### MATERIAL FOR THE TASK
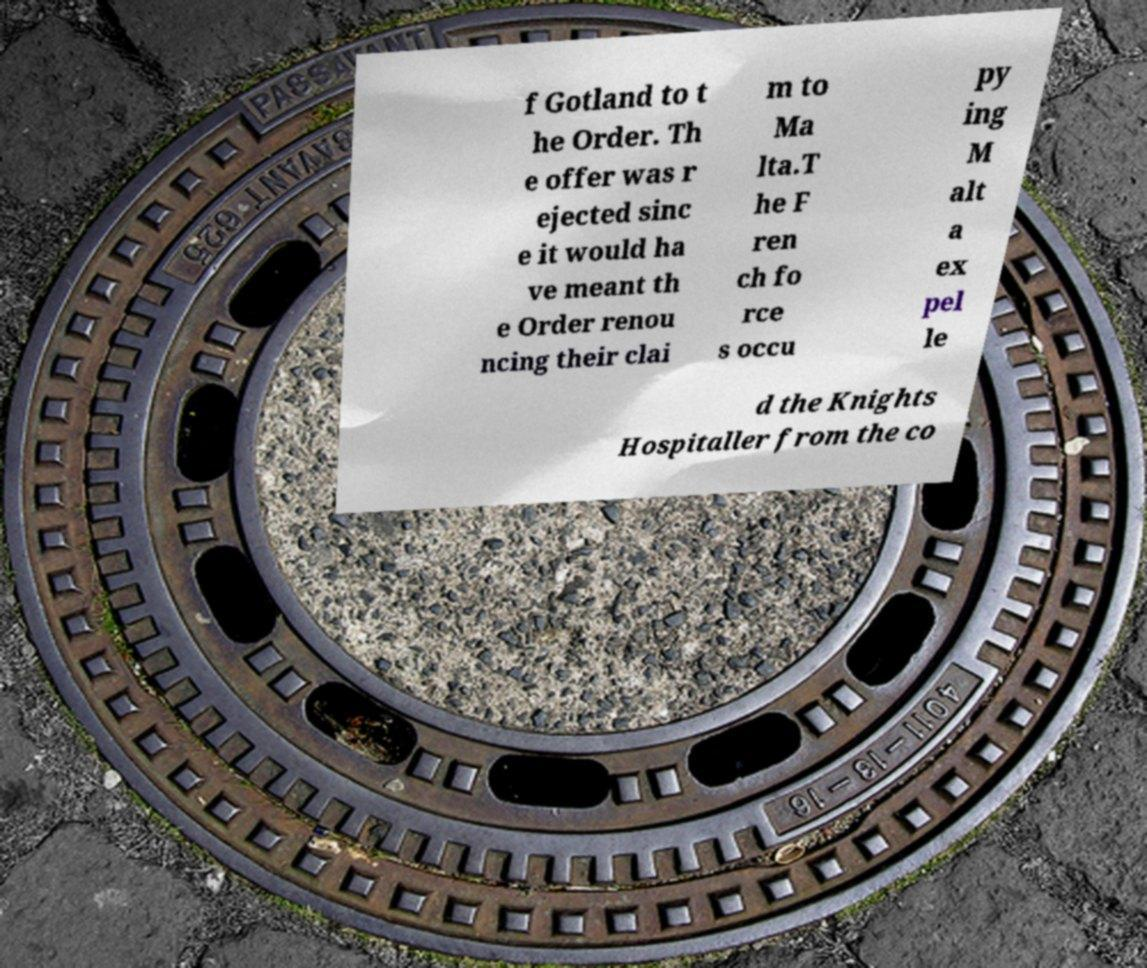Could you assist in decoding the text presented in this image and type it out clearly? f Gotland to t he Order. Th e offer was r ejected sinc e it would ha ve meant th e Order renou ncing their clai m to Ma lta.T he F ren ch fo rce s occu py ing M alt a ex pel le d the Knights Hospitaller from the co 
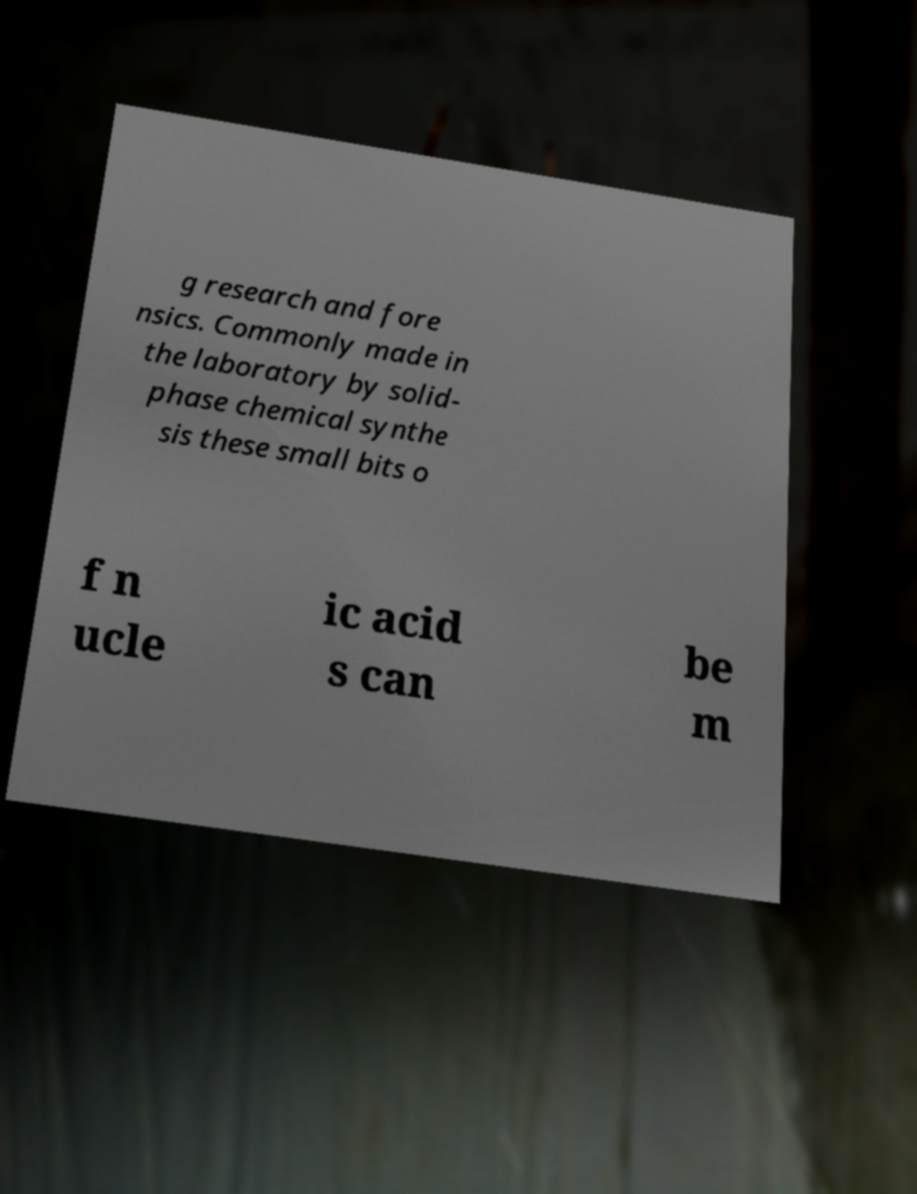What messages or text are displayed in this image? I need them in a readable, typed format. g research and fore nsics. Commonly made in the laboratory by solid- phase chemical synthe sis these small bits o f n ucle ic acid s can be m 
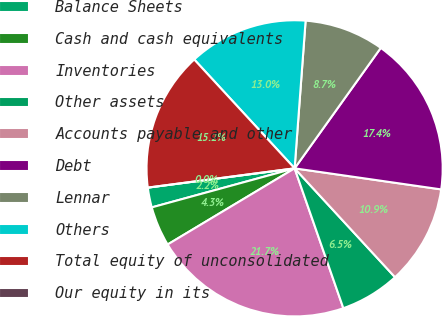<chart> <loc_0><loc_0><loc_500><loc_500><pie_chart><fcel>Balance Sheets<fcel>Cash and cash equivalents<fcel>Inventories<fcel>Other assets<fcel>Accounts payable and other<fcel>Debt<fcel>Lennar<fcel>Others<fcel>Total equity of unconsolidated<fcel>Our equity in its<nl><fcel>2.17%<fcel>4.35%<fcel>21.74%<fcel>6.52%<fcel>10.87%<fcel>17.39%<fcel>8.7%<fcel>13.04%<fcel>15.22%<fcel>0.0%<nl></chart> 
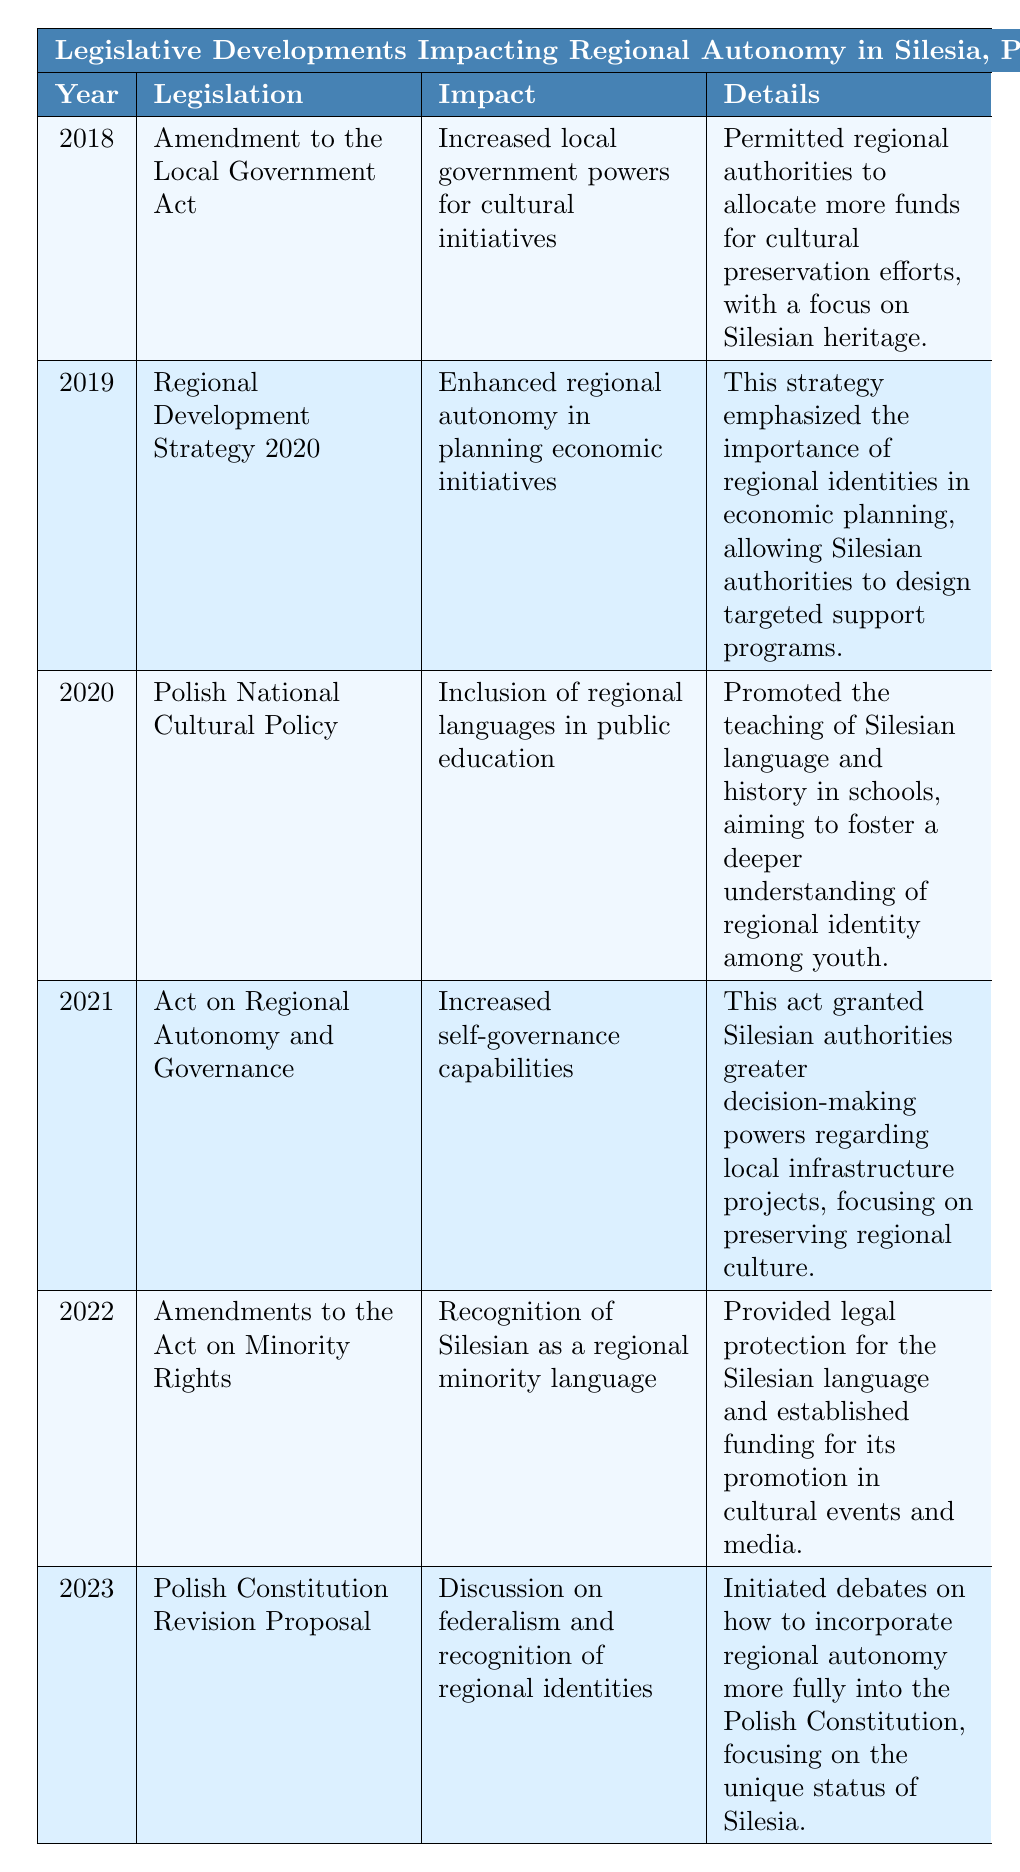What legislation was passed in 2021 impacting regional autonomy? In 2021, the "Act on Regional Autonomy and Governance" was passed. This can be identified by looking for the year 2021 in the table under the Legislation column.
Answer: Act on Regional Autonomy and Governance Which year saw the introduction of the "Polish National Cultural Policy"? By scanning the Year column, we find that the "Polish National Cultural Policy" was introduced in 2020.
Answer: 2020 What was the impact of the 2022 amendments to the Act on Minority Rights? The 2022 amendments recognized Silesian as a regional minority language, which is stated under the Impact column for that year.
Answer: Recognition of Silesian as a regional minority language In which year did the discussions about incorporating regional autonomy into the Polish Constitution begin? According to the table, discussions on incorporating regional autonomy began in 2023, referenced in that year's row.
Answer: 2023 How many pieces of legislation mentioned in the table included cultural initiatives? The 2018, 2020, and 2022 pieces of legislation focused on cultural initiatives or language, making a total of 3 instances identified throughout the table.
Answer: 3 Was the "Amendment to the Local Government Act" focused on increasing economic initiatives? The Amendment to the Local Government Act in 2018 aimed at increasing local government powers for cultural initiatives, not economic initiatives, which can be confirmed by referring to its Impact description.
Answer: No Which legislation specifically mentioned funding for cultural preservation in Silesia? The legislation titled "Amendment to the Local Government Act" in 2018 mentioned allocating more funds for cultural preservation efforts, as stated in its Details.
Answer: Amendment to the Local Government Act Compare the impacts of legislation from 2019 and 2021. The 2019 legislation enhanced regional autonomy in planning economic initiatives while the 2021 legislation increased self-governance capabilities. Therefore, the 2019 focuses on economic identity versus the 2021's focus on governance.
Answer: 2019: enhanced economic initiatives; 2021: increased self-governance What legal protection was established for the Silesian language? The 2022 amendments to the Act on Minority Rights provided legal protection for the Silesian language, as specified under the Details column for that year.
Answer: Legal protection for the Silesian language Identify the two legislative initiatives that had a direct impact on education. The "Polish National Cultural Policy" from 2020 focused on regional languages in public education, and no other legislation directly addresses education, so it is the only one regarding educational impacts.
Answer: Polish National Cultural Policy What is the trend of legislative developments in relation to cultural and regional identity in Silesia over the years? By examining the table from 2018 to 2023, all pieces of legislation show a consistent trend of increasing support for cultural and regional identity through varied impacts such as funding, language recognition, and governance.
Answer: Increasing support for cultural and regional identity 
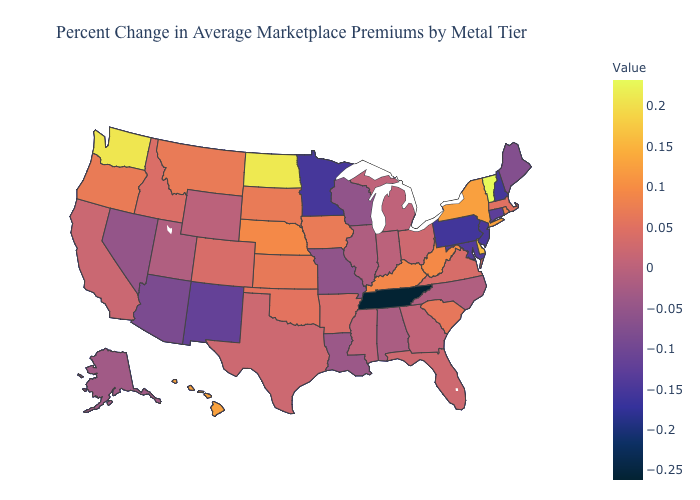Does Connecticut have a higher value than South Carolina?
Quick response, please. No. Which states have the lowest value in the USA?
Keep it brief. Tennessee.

### WHAT YOU ARE ASKED TO DO
Looking at the data above, work out how many lines contain "Details" and answer with the figure only.

### RESULT OF THE TASK
2